4Publication Les Annonces / Journal de Touraine ont utilisé les services de plusieurs imprimeurs. Signant la feuille «A Tours, chez Jean Masson, Imprimeur de Mgr l'Archevêque et du Clergé, près Saint-Pierre du Boille», le premier d'entre eux a exercé entre 1758 et 1772. Après sa mort, François Vauquer imprime les Annonces à partir du 24 octobre 1772; imprimeur entre 1768 et 1791, il signe «A Tours, de l'Imprimerie de François Vauquer, Imprimeur du Roi». A son tour, son frère Auguste Vauquer (imprimeur 1778-1793) imprime la feuille (selon le Catalogue). En 1789, le Journal de Touraine sort de l'atelier de François Légier (imprimeur 1775-1815): «A Tours. De l'Imprimerie de L.-M.-F. Légier». Pendant la Révolution, probablement à partir de 1790 ou 1791, Bruslon du Boullay imprime lui-même son journal.

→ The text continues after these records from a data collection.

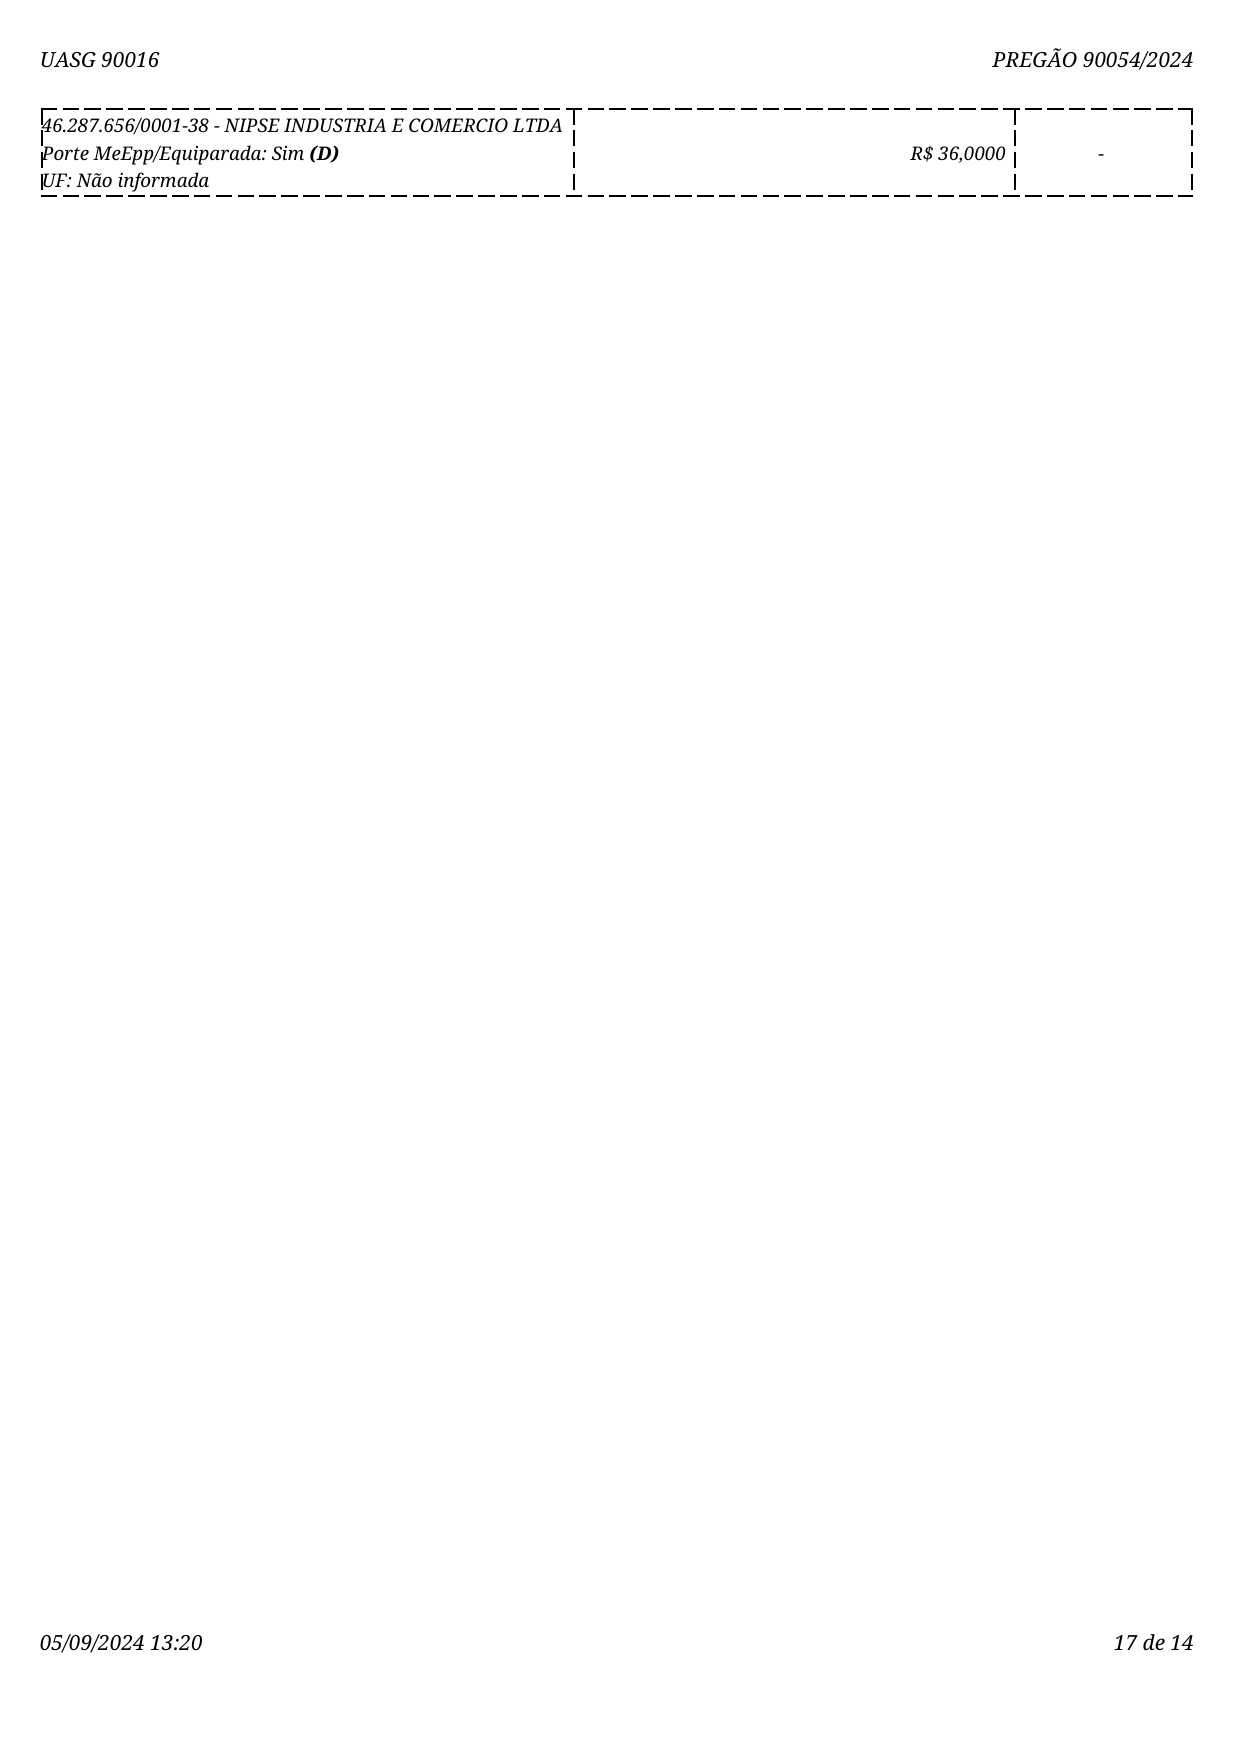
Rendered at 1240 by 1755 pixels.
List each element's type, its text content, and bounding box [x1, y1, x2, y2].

table_header 46.287.656/0001-38 - NIPSE INDUSTRIA E COMERCIO LTDA Porte MeEpp/Equiparada: Sim (D) UF: Não informada [42, 108, 574, 194]
table_header - [1015, 108, 1192, 194]
table_header R$ 36,0000 [574, 108, 1015, 194]
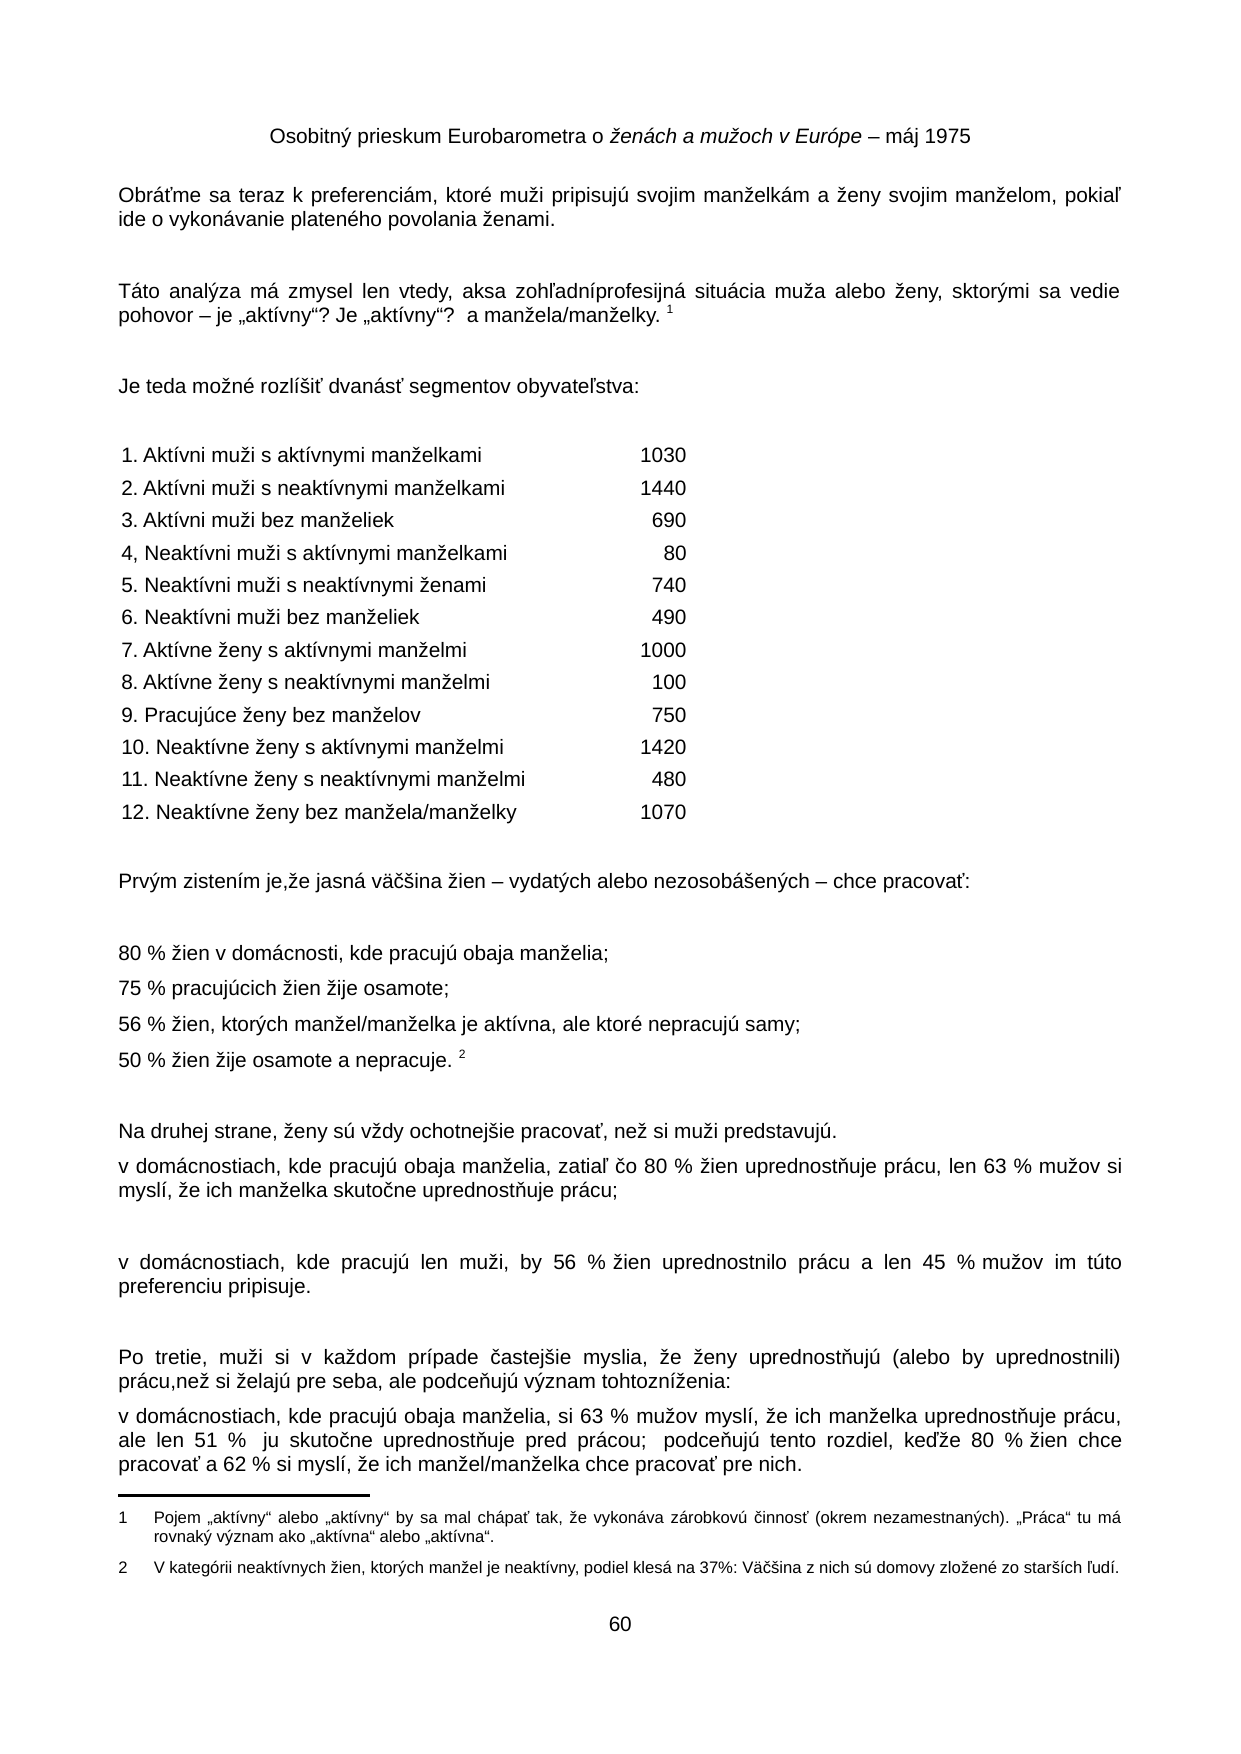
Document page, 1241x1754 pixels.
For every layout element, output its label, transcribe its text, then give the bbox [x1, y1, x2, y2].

table_cell 80 [551, 536, 689, 569]
table_header 1. Aktívni muži s aktívnymi manželkami [118, 439, 551, 471]
text Obráťme sa teraz k preferenciám, ktoré muži pripisujú svojim manželkám a ženy svojim manželom, pokiaľ ide o vykonávanie plateného povolania ženami. [118, 183, 1122, 231]
table_cell 2. Aktívni muži s neaktívnymi manželkami [118, 471, 551, 504]
table_cell 490 [551, 601, 689, 633]
table_cell 8. Aktívne ženy s neaktívnymi manželmi [118, 666, 551, 698]
table_cell 100 [551, 666, 689, 698]
text V kategórii neaktívnych žien, ktorých manžel je neaktívny, podiel klesá na 37%: Väčšina z nich sú domovy zložené zo starších ľudí. [118, 1557, 1122, 1577]
text Na druhej strane, ženy sú vždy ochotnejšie pracovať, než si muži predstavujú. [118, 1119, 1122, 1143]
table_cell 1070 [551, 795, 689, 828]
text 75 % pracujúcich žien žije osamote; [118, 976, 1122, 1000]
table_cell 480 [551, 763, 689, 795]
text Pojem „aktívny“ alebo „aktívny“ by sa mal chápať tak, že vykonáva zárobkovú činnosť (okrem nezamestnaných). „Práca“ tu má rovnaký význam ako „aktívna“ alebo „aktívna“. [118, 1507, 1122, 1546]
text v domácnostiach, kde pracujú obaja manželia, si 63 % mužov myslí, že ich manželka uprednostňuje prácu, ale len 51 % ju skutočne uprednostňuje pred prácou; podceňujú tento rozdiel, keďže 80 % žien chce pracovať a 62 % si myslí, že ich manžel/manželka chce pracovať pre nich. [118, 1404, 1122, 1476]
text Táto analýza má zmysel len vtedy, aksa zohľadníprofesijná situácia muža alebo ženy, sktorými sa vedie pohovor – je „aktívny“? Je „aktívny“? a manžela/manželky. [118, 278, 1122, 326]
table_cell 3. Aktívni muži bez manželiek [118, 504, 551, 536]
text Prvým zistením je,že jasná väčšina žien – vydatých alebo nezosobášených – chce pracovať: [118, 869, 1122, 893]
table_cell 5. Neaktívni muži s neaktívnymi ženami [118, 569, 551, 601]
text v domácnostiach, kde pracujú obaja manželia, zatiaľ čo 80 % žien uprednostňuje prácu, len 63 % mužov si myslí, že ich manželka skutočne uprednostňuje prácu; [118, 1154, 1122, 1202]
text Je teda možné rozlíšiť dvanásť segmentov obyvateľstva: [118, 374, 1122, 398]
table_cell 7. Aktívne ženy s aktívnymi manželmi [118, 634, 551, 666]
table_cell 1440 [551, 471, 689, 504]
table_cell 690 [551, 504, 689, 536]
table_cell 740 [551, 569, 689, 601]
table_cell 12. Neaktívne ženy bez manžela/manželky [118, 795, 551, 828]
table_cell 11. Neaktívne ženy s neaktívnymi manželmi [118, 763, 551, 795]
text Po tretie, muži si v každom prípade častejšie myslia, že ženy uprednostňujú (alebo by uprednostnili) prácu,než si želajú pre seba, ale podceňujú význam tohtozníženia: [118, 1345, 1122, 1393]
text v domácnostiach, kde pracujú len muži, by 56 % žien uprednostnilo prácu a len 45 % mužov im túto preferenciu pripisuje. [118, 1249, 1122, 1297]
text 80 % žien v domácnosti, kde pracujú obaja manželia; [118, 941, 1122, 964]
table_cell 4, Neaktívni muži s aktívnymi manželkami [118, 536, 551, 569]
table_cell 750 [551, 698, 689, 731]
text 56 % žien, ktorých manžel/manželka je aktívna, ale ktoré nepracujú samy; [118, 1012, 1122, 1036]
table_cell 6. Neaktívni muži bez manželiek [118, 601, 551, 633]
table_header 1030 [551, 439, 689, 471]
table_cell 9. Pracujúce ženy bez manželov [118, 698, 551, 731]
table_cell 1420 [551, 731, 689, 763]
table_cell 1000 [551, 634, 689, 666]
text 50 % žien žije osamote a nepracuje. [118, 1047, 1122, 1071]
table_cell 10. Neaktívne ženy s aktívnymi manželmi [118, 731, 551, 763]

L'abonnement est de 6 # «pour les personnes de la ville» et de 7 # 10 s. «pour les autres villes» (1772-1773). La feuille est diffusée par un porteur en ville, par la poste, ou par tout autre moyen moins sûr: «Plusieurs de nos abonnés des environs de Tours, en souscrivant pour notre Affiche, nous ont donné leur adresse chez des particuliers de la ville. Nous avons toujours été très exacts à remplir leurs intentions, malgré cela nous avons le désagrément de recevoir des reproches sur ce que nos feuilles ne leur parviennent pas avec exactitude. Ces reproches auxquels nous sommes sensibles nous engagent à supplier nos abonnés qui ne peuvent recevoir directement nos feuilles par la poste ni par le porteur en ville, de vouloir bien, à l'imitation de quelques-uns parmi eux, avoir la bonté de faire prendre l'Affiche en notre Bureau; la diffusion s'en faisant régulièrement le samedi, et ce jour étant à Tours celui d'un marché, les messagers ou domestiques ne seront pas détournés. Nous connaissons la cause de l'inexactitude qu'on nous attribue. La proposition que nous faisons y apportant un remède certain, il est inutile de la démontrer, il nous suffit de dire que l'Affiche parviendra sans retard et que nos intérêts n'en souffriront plus» (4 sept. 1773). Pour Tours, l'abonnement est alors de 12 F. en numéraire pour un an, 6 F. pour six mois, 3 F. pour trois mois; pour le département, il est de 15 F. «par la poste, franc de port». «On souscrit à Tours, chez Bruslon, au Musée national» (l'ancien archevêché).

5Collaborateurs Fondateur des Annonces de Touraine, le Tourangeau André BRUSLON DU BOULLAY dirige et rédige toujours le Journal de Touraine en 1789.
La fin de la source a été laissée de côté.